Problem to work on
Among the entries below, find the lines holding "False" and copy them.

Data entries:
++++++++++
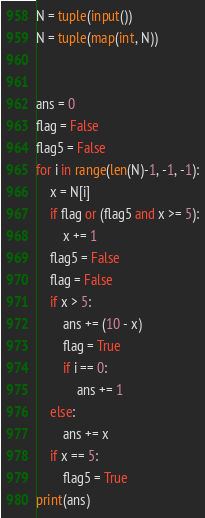<code> <loc_0><loc_0><loc_500><loc_500><_Python_>N = tuple(input())
N = tuple(map(int, N))


ans = 0
flag = False
flag5 = False
for i in range(len(N)-1, -1, -1):
    x = N[i]
    if flag or (flag5 and x >= 5):
        x += 1
    flag5 = False
    flag = False
    if x > 5:
        ans += (10 - x)
        flag = True
        if i == 0:
            ans += 1
    else:
        ans += x
    if x == 5:
        flag5 = True
print(ans)
</code>
++++++++++
Expected answer
flag = False
flag5 = False
    flag5 = False
    flag = False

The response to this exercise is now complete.